Mirepoix (pronounced mirh-pwah) is an aromatic base for countless dishes from chicken soup to balsamic reduction. In its most basic form, Mirepoix is a dice of onions (or leeks), celery, and carrots used to add flavor to a dish or sauce. Variations on this staple include garlic, peppercorns, bay leaves, cloves, thyme, and rosemary. Termed by the French, some version of mirepoix exists in nearly every cuisine. Mexican and Spanish cooks employ a “sofrito” of  garlic, onion and tomato. The Chinese build dishes around scallions, ginger and garlic. These elemental trinities define a flavor profile that is immediately recognizable.

Mortar & Pestle

Mortar & Pestle (mortero or almirez) This basic tool is indispensable in the traditional Spanish kitchen. Made of hefty stone, olive wood or shiny brass, the mortar is often as lovely as it is useful. The tool is the starting point of many of Spain’s most famous concoctions including ajoblanco, cold almond soup and romesco sauce. The mortar also gives birth to picada sauce, a mashed blend of nuts, garlic, parsley, and toasted bread that is used to flavor and thicken stews such as zarzuela.

The process is simple, but not so easy. Start with crushing blows and then grind, grind, grind away with your pestle. When you think you are finished, grind for few more minutes until you are, indeed, done.

Whipping Siphon

In mid-2000, Ferran Adria, the acclaimed Spanish Chef, took a look at a long-used kitchen tool, a whip cream and soda siphon, and opened our eyes to whole new possibilities. It was a big re-discovery for gastronomy and had a lot of chefs and cooks reaching for their old whipper and siphon with new ideas in mind. We will discuss the rebirth of the soda siphon at another time and focus for now on the new versatility Adria found in the humble whipper. The possibilities are endless if you stop focusing its use on cream alone. The device works equally well to create warm foams such as Bearnaise sauce or a perfect potato puree. But, since we all have to walk before we run, I want to acquaint you with a whipper beginning with the old standby – whipped cream.

It is worth mentioning that you can truly hurt (or humiliate) yourself or others if you do not handle a whipper properly. You will be pressurizing a metal can – think about it.

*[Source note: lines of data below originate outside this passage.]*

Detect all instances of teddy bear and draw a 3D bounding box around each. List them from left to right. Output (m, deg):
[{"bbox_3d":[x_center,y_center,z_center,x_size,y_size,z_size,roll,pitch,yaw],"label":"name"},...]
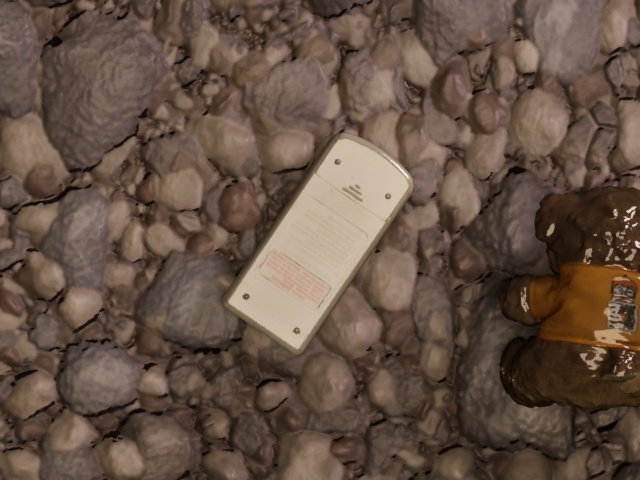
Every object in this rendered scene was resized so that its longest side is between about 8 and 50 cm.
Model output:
[{"bbox_3d":[0.239,0.049,1.311,0.177,0.140,0.190,3,86,3],"label":"teddy bear"}]

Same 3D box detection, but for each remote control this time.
[{"bbox_3d":[0.000,0.000,1.354,0.087,0.029,0.190,33,94,-2],"label":"remote control"}]
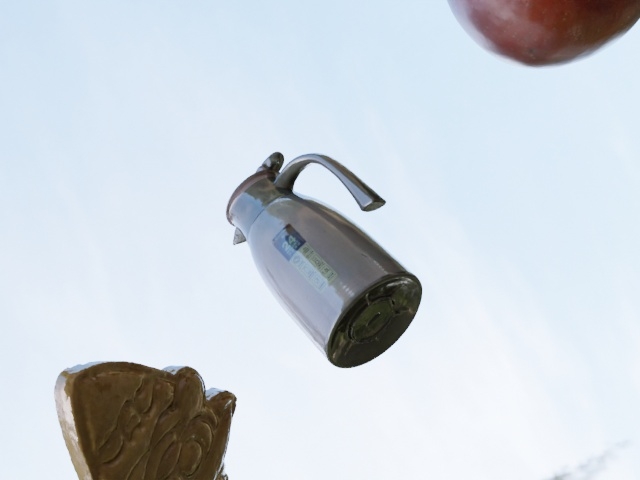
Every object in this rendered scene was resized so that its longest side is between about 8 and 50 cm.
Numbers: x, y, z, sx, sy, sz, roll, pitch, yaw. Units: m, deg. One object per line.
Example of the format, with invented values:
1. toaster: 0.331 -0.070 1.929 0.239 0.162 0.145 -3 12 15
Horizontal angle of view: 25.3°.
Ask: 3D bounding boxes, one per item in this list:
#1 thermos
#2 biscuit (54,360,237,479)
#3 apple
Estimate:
1. thermos: 0.000 0.000 1.263 0.105 0.137 0.193 5 -147 -49
2. biscuit: -0.117 0.159 1.022 0.250 0.035 0.162 54 -129 -48
3. apple: 0.223 -0.282 1.389 0.218 0.201 0.218 5 -107 -15
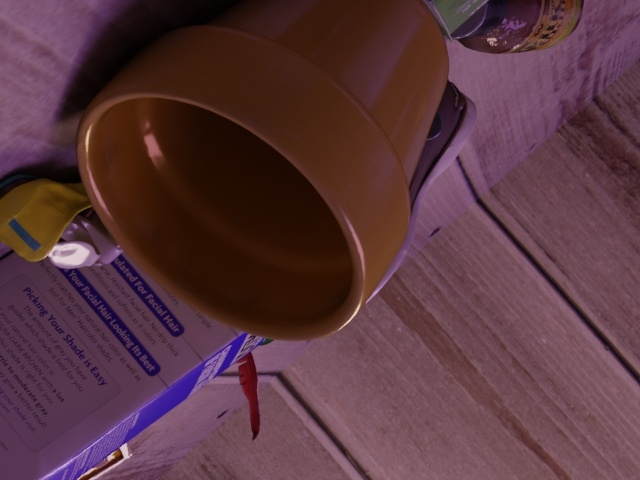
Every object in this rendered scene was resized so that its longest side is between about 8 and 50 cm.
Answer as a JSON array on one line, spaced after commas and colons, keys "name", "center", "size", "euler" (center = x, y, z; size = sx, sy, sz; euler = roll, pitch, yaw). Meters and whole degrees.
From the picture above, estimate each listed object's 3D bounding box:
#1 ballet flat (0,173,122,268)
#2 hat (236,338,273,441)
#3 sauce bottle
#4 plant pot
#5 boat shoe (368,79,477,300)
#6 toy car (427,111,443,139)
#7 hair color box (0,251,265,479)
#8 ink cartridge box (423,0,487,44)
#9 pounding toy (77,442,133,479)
[{"name": "ballet flat", "center": [-0.202, -0.013, 1.362], "size": [0.077, 0.077, 0.231], "euler": [-44, 171, 13]}, {"name": "hat", "center": [-0.069, 0.129, 2.266], "size": [0.173, 0.183, 0.208], "euler": [-37, 170, -25]}, {"name": "sauce bottle", "center": [0.194, -0.252, 1.755], "size": [0.111, 0.111, 0.344], "euler": [-45, 171, 23]}, {"name": "plant pot", "center": [-0.022, -0.090, 1.281], "size": [0.239, 0.254, 0.254], "euler": [-53, 180, -36]}, {"name": "boat shoe", "center": [0.067, -0.061, 1.919], "size": [0.116, 0.097, 0.324], "euler": [15, -111, 50]}, {"name": "toy car", "center": [0.010, -0.094, 1.475], "size": [0.188, 0.155, 0.149], "euler": [-32, 164, 7]}, {"name": "hair color box", "center": [-0.216, 0.092, 1.462], "size": [0.339, 0.185, 0.110], "euler": [-35, 167, -29]}, {"name": "ink cartridge box", "center": [0.093, -0.241, 1.391], "size": [0.062, 0.109, 0.209], "euler": [-41, 171, 6]}, {"name": "pounding toy", "center": [-0.234, 0.187, 1.571], "size": [0.141, 0.100, 0.130], "euler": [-30, 151, -12]}]
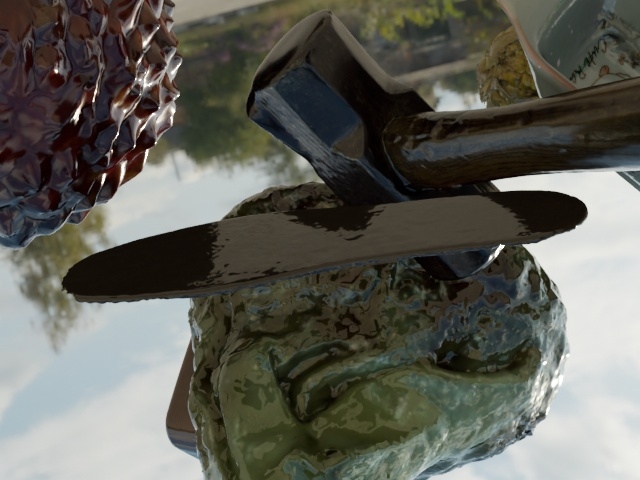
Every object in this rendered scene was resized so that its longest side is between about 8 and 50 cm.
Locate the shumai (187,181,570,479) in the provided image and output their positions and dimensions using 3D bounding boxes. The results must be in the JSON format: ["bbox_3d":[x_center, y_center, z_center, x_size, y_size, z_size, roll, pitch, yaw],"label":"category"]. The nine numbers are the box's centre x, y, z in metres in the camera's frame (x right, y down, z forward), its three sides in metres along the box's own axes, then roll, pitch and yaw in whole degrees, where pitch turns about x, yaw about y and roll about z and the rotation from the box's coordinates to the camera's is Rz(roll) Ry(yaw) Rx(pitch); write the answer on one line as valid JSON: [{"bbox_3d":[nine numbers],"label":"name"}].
[{"bbox_3d":[0.017,0.155,1.093,0.395,0.395,0.348,-9,-144,29],"label":"shumai"}]

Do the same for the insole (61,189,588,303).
[{"bbox_3d":[0.000,0.000,0.716,0.328,0.007,0.111,-7,-155,5],"label":"insole"}]

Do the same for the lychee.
[{"bbox_3d":[-0.333,-0.185,1.113,0.424,0.500,0.424,16,-152,-9],"label":"lychee"}]

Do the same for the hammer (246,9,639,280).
[{"bbox_3d":[0.124,-0.067,0.797,0.095,0.242,0.409,-54,-157,-17],"label":"hammer"}]

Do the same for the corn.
[{"bbox_3d":[0.296,-0.162,1.101,0.293,0.106,0.106,-3,-170,-2],"label":"corn"}]

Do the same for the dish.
[{"bbox_3d":[0.224,-0.113,0.842,0.154,0.234,0.064,-49,179,-36],"label":"dish"}]

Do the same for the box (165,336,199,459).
[{"bbox_3d":[-0.019,0.238,1.639,0.229,0.239,0.339,-1,154,40],"label":"box"}]
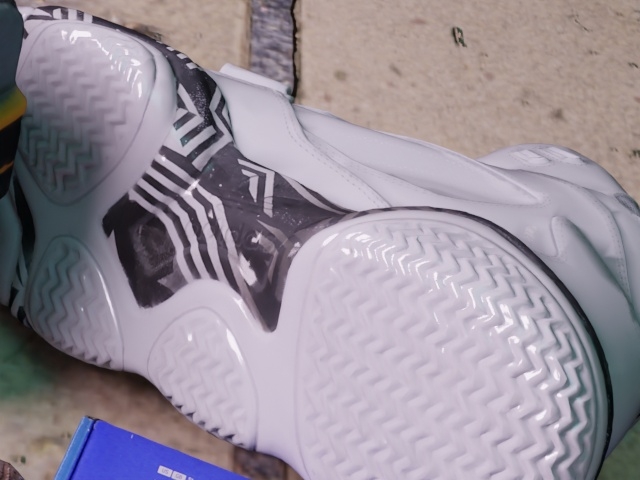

Components of Whipped Cream from a Siphon

  • The Cream – Use heavy cream with 30% or higher butterfat content. (Get the skinny on types of cream here.)
  • The Stabilizer – The key to a good whipped cream, as to a good relationship, is to make sure it stays whipped. In traditional whipped creams you add confectioner’s sugar which also contains corn starch. For modernist whipped creams there are new-fangled stablizers like xanthan gum, gelatin, or carrageenan, but they are harder to pronounce and shouldn’t be sprinkled on your donut if you have extra.
  • The Flavoring – Plain whipped cream is an excellent canvas for added flavor from the usual suspects like vanilla or lemon juice to savory touches like chile.